UTANDIRMAK
Çocuklarımızın gelişiminde ve eğitim sürecinde bilmeyerek ya da farkında olmayarak yaptığımız yanlışlardan bir tanesi de çocuğu utandırmaktır.
Utandırmak; bireyin kırılması, incinmesi, rencide olması demektir.
Utandırmak; kişiyi yalnızlığa itmek, ötekileştirmek, değersizleştirmek hatta kişiliğinin ayaklar altına alınması demektir.
Utandırmak; küçük ya da büyük bir insanın toplum içindeki ilişkilerinin, çevresiyle olan bağlarının koparılması demektir.
Utandırmak; çocuğun ruhsal ve bedensel gelişimini baltalamak hatta yok etmek demektir. Çocukta var olan bilgi, birikim, beceri ve yeteneklerinin de giderek körelmesi, kaybolması demektir.
Çeşitli nedenlerle çocuk çevresine uyum sağlamakta zorlanabilir.
Kişisel özelliklerinden dolayı konuşmakta, karşılıklı iletişim kurmakta güçlük çekebilir.
Kişinin fiziksel özellikleri gereği davranışları, becerileri, başarıları, çalışma hızı ve çalışma şekli size göre daha yavaş veya daha değişik olabilir.
Yetiştiği çevre ve aile ortamına bağlı olarak giyim kuşamında farklılıklar olabilir.
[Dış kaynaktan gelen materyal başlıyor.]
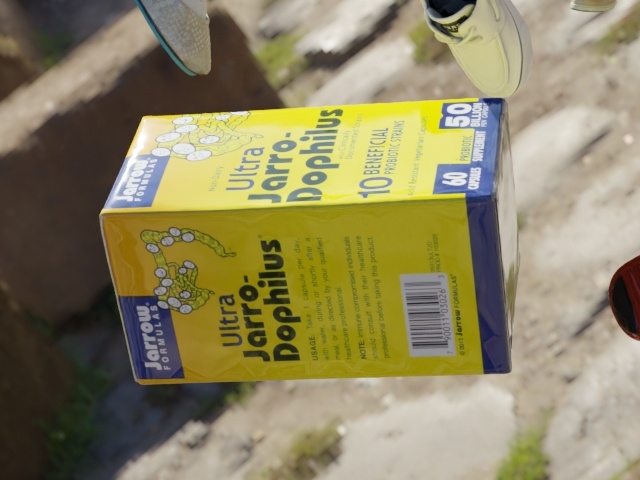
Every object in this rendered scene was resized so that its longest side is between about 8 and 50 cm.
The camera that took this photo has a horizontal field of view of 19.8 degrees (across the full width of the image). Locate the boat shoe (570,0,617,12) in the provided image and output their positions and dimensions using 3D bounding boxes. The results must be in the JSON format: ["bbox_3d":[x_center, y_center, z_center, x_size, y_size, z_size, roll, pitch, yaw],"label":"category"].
[{"bbox_3d":[0.324,-0.296,2.106,0.050,0.045,0.135,12,27,26],"label":"boat shoe"}]

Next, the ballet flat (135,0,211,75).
[{"bbox_3d":[-0.114,-0.193,1.278,0.052,0.168,0.057,-38,-13,17],"label":"ballet flat"}]

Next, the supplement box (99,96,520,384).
[{"bbox_3d":[0.000,0.000,1.716,0.357,0.195,0.194,-3,31,10],"label":"supplement box"}]

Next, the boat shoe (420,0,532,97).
[{"bbox_3d":[0.140,-0.241,1.876,0.095,0.258,0.084,-4,38,36],"label":"boat shoe"}]

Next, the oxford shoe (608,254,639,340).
[{"bbox_3d":[0.365,0.012,1.645,0.098,0.097,0.271,-16,-9,-28],"label":"oxford shoe"}]

Ya da gelenekleri ve dini inançları itibarı ile sizin ile çok farklı bir yapıya sahip olabilir.
Hepsindenönemlisi çocuk; sizin arzuladığınız düzeyde kabiliyet ve beceriye sahip olmayabilir. Ya da fiziki yapısı itibarı ile istenilen başarıyı göstermeye uygun yeterliliğe sahip olmayabilir.
İster yaptığı iş, isterse hal ve hareketlerinde kusur veya hata olsun; bunlar asla olumsuz eleştirilerle çocuğun yüzüne vurulmamalıdır.
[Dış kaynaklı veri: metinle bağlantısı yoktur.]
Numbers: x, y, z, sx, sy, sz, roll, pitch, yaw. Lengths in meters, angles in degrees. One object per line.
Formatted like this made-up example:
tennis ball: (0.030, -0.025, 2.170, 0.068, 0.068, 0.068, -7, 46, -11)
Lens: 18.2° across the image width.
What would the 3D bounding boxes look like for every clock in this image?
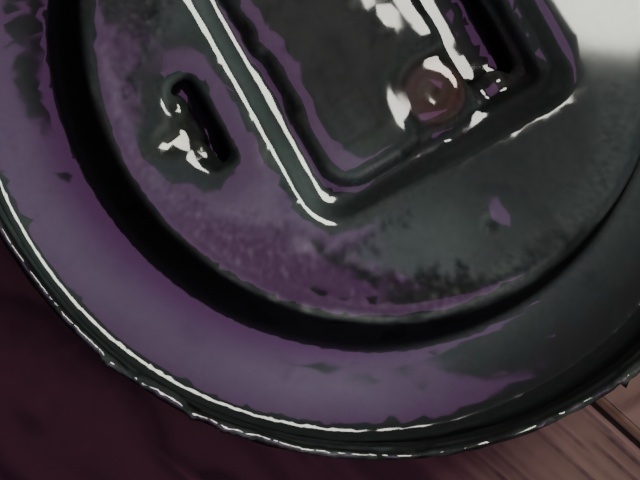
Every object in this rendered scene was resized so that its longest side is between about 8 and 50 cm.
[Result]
clock: (0.017, -0.073, 0.732, 0.313, 0.061, 0.312, 1, 85, -11)

Çocuğun farkında olmadan sarf ettiği yanlış ya da hatalı bir sözden, farkında olmadan veya doğru bilerek yaptığı kusurlu bir davranıştan dolayıutandırılmamalı; mümkün olduğunca çocuğun incinmemesine dikkat ederek sohbet havasında doğrusu öğretilmeye çalışılmalıdır.
Çevresiyle olan ilişkilerinde; davet ve sohbetlerde, toplantılarda, misafirliklerde, selamlaşmalarda genel görgü kuralları anlamında her hangi bir hatası veya kusuru olduğunda ayıplayıcı bir tarzda değil, şefkat ve hoşgörü çerçevesinde yaklaşarak hata ve kusurları düzeltilmeye çalışılmalıdır.
İçinde yaşadığımız toplumun genel ahlâk kurallarına aykırı olsa dahi yırtık, yamalı, eski vb. kılık ve kıyafetinden dolayı da olumsuz eleştiri yaparak yaklaşılmamalı; uygun zaman ve uygun ortamda utandırılmadan gerekli rehberlik yapılmaya çalışılmalıdır.
Kusur ve hatalarının düzeltilmesi yönünde çalışırken çocuğa mutlaka sevgimizi hissettirerek yaklaşmalıyız. Burada dikkat etmemiz en önemli unsur çocuğun kişisel özellikleri mutlaka dikkate alınmalı, yapacağımız her çalışma, ağzımızdan çıkacak her kelime ya da her davranış çocuğa uygun olacak şekilde yapılmalıdır.
Ayrıca çocuğumuzun morali yüksek tutulmalı, en küçük başarıları bile asla göz ardı edilmeden tebrik ve takdir edilmelidir. Böylece çocuğun kendisine ve çevresine olan saygısının artacağı, yaptıkları ile gurur duyarak kendi özgüvenini kazanacağı unutulmamalıdır. “Utandırma, gurur duy”ilkesiyle hareket etmeliyiz.
Beğenilmek ve takdir edilmek çocuğumuzda sevgi, saygı, başarma azmi, çalışma şevki ve cesaretini de arttıracaktır.